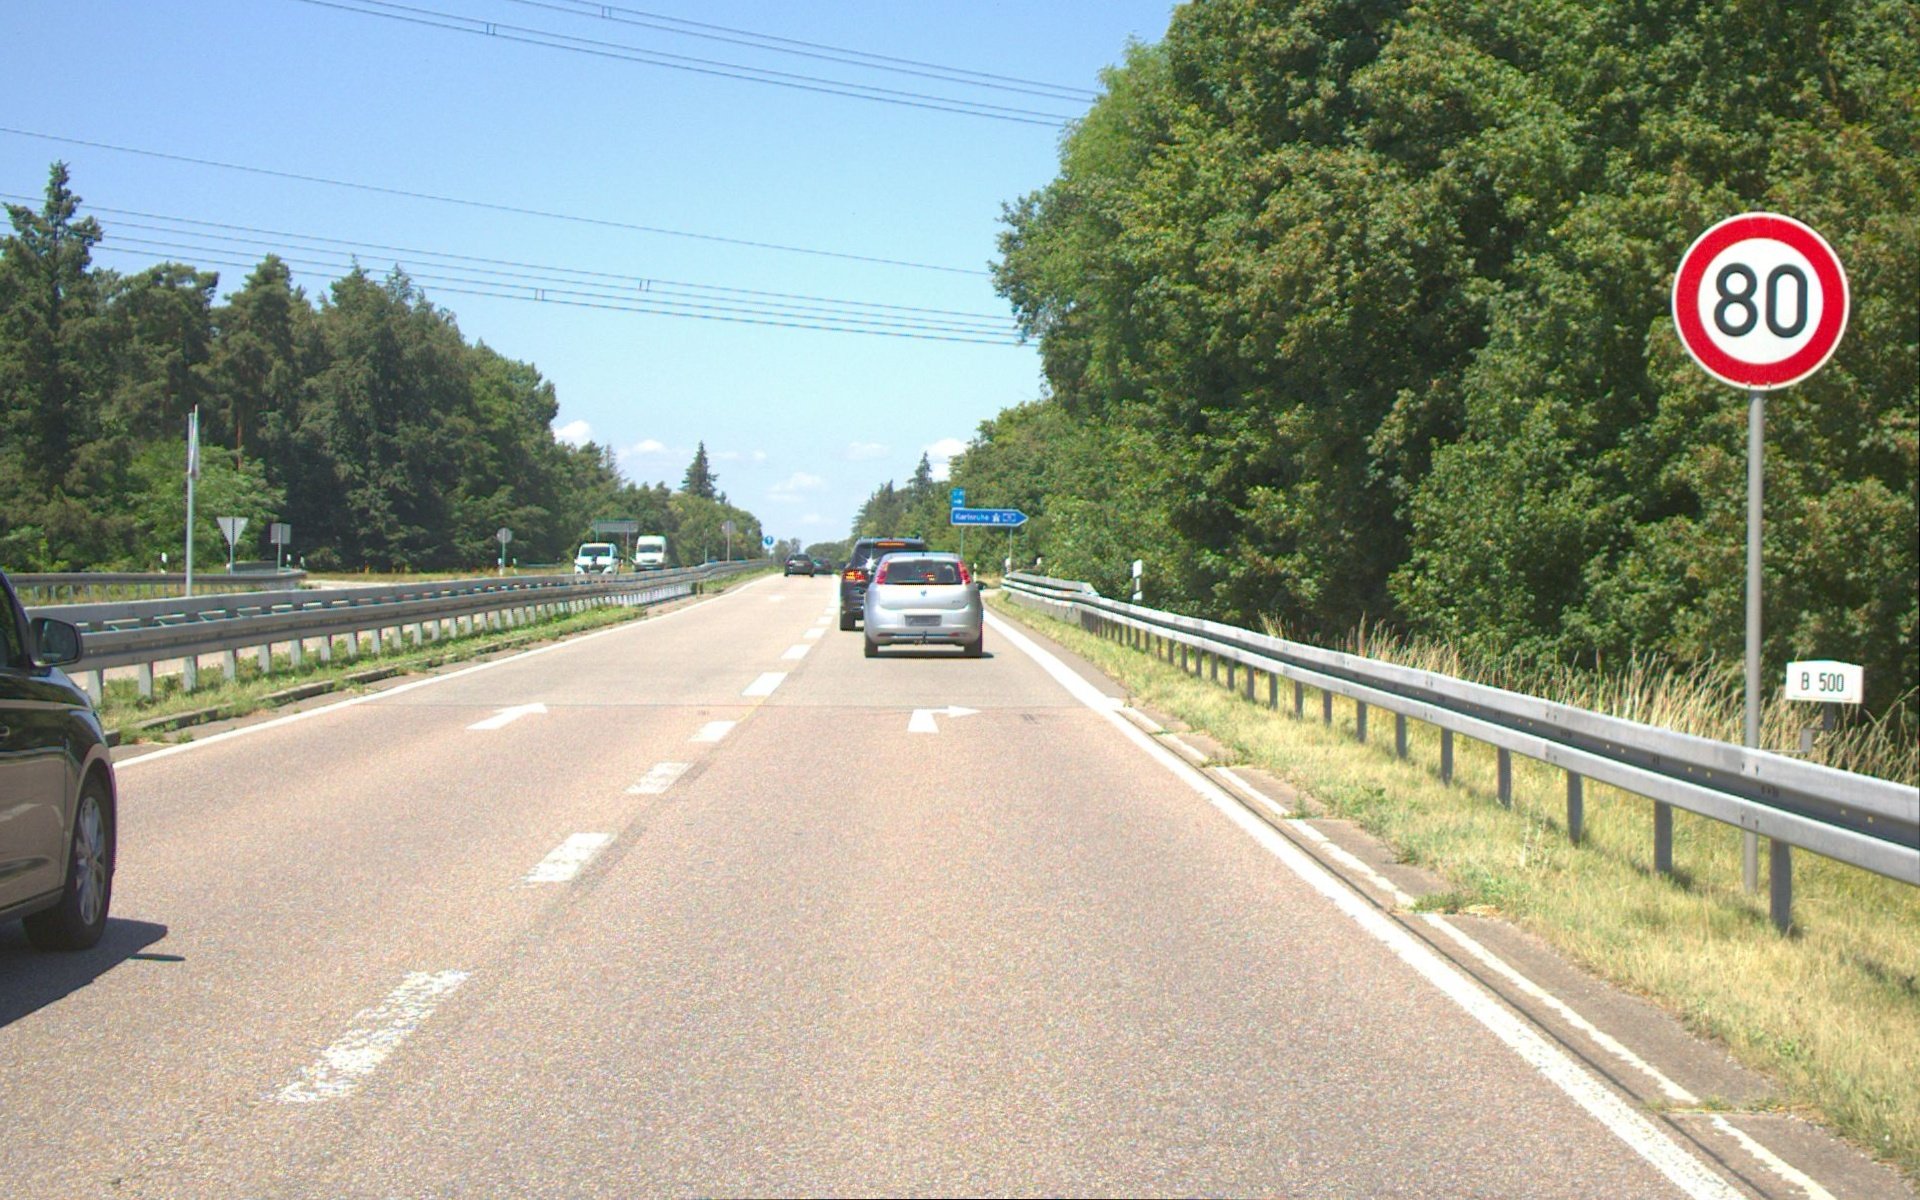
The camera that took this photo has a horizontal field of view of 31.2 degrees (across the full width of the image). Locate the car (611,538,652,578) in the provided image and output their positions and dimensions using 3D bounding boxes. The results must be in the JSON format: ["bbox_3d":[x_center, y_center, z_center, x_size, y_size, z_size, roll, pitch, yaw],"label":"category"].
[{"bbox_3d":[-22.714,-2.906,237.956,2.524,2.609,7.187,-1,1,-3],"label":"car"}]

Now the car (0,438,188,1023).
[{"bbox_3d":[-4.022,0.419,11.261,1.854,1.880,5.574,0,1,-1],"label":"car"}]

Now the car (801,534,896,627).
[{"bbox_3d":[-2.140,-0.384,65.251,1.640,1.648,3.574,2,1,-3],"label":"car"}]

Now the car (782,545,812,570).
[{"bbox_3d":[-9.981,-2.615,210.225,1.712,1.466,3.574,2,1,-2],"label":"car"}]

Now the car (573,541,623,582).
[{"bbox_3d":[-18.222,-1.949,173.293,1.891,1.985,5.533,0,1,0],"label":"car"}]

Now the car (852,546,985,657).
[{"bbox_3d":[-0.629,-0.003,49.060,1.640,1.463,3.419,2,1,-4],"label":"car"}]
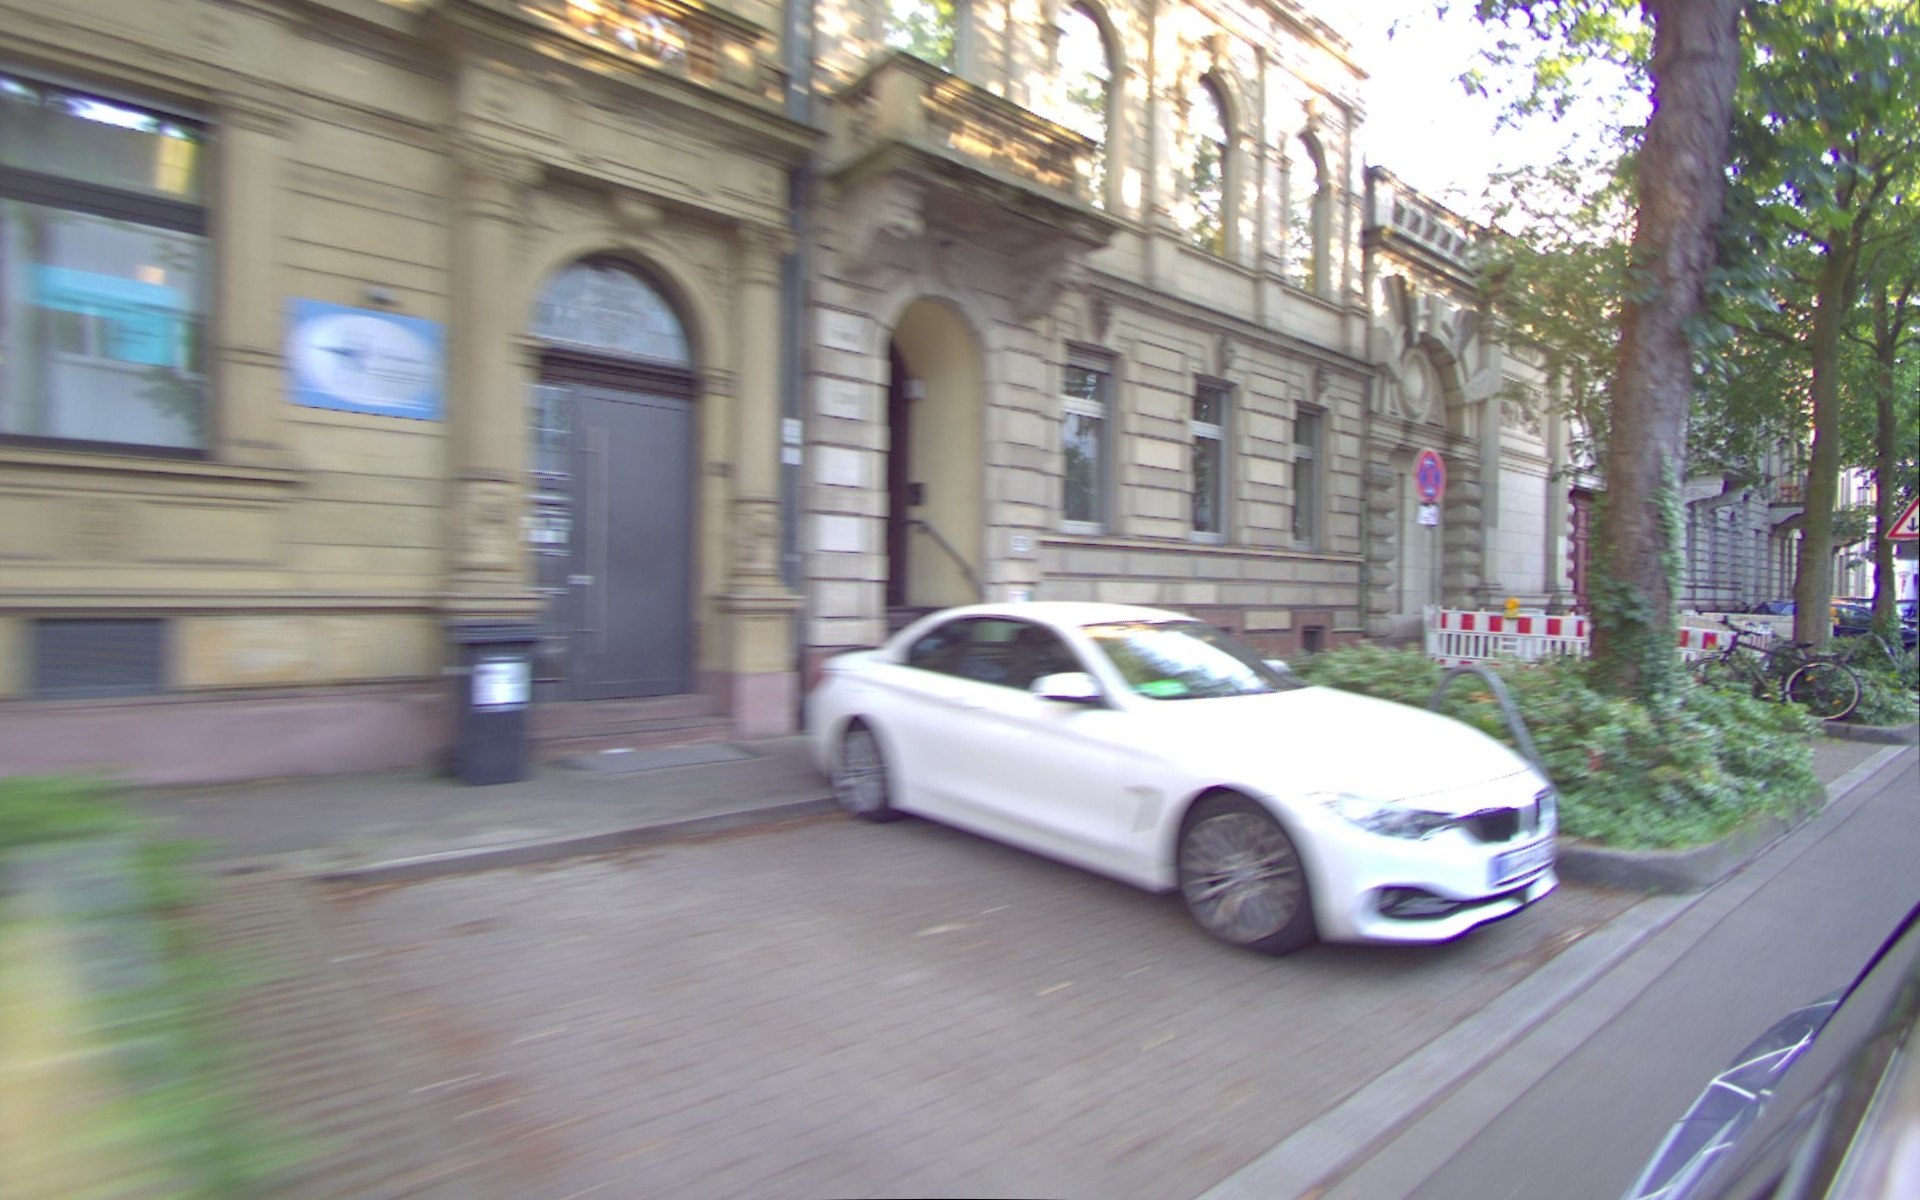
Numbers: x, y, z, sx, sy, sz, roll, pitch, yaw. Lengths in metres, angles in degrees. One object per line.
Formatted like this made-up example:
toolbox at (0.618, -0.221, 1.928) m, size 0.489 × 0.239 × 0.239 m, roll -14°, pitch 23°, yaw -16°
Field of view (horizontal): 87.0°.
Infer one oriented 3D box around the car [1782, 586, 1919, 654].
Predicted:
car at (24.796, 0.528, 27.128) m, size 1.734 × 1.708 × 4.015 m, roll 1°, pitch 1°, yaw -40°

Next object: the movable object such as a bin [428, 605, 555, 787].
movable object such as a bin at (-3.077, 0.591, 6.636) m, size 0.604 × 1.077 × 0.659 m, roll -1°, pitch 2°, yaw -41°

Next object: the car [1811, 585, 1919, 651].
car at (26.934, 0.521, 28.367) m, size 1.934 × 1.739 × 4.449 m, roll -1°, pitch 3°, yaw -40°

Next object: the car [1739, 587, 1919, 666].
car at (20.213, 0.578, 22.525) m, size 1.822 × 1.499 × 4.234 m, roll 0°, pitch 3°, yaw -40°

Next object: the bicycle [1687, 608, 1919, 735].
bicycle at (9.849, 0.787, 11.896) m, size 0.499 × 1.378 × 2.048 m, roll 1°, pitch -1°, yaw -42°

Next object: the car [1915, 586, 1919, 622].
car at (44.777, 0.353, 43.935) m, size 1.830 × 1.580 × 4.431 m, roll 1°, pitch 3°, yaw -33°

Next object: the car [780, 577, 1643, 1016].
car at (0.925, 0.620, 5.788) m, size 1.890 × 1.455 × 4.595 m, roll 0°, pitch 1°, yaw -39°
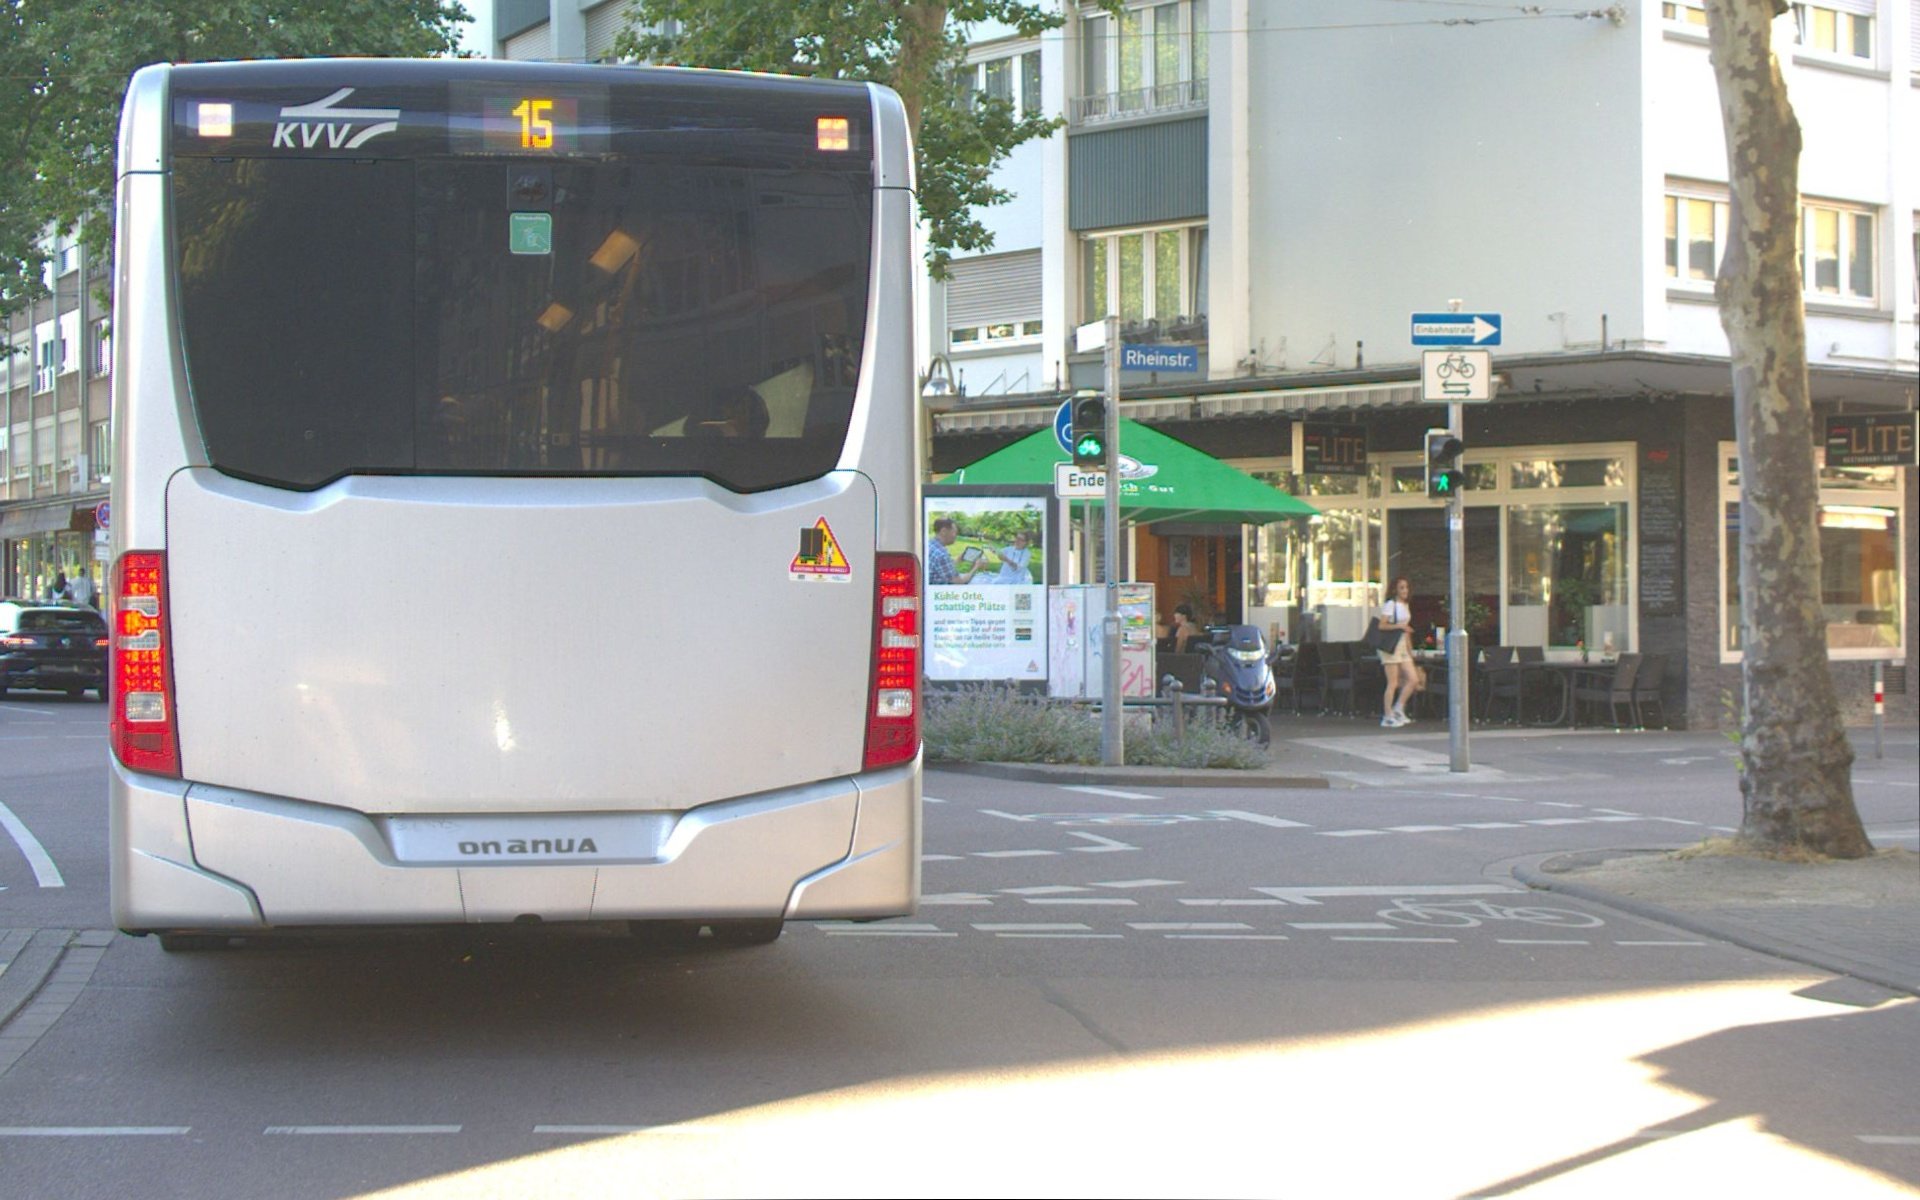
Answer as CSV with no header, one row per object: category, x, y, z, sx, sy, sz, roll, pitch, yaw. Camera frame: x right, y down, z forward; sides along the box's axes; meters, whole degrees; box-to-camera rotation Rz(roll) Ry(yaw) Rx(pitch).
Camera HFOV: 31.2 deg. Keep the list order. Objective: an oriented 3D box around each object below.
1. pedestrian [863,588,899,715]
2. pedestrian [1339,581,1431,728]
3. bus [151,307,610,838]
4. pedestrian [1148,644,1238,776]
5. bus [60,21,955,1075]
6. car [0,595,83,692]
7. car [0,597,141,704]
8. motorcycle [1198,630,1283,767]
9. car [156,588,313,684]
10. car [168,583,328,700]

### Required work
Go through the listing above and copy each line where the string "pedestrian" appears.

### Written response
1. pedestrian [863,588,899,715]
2. pedestrian [1339,581,1431,728]
4. pedestrian [1148,644,1238,776]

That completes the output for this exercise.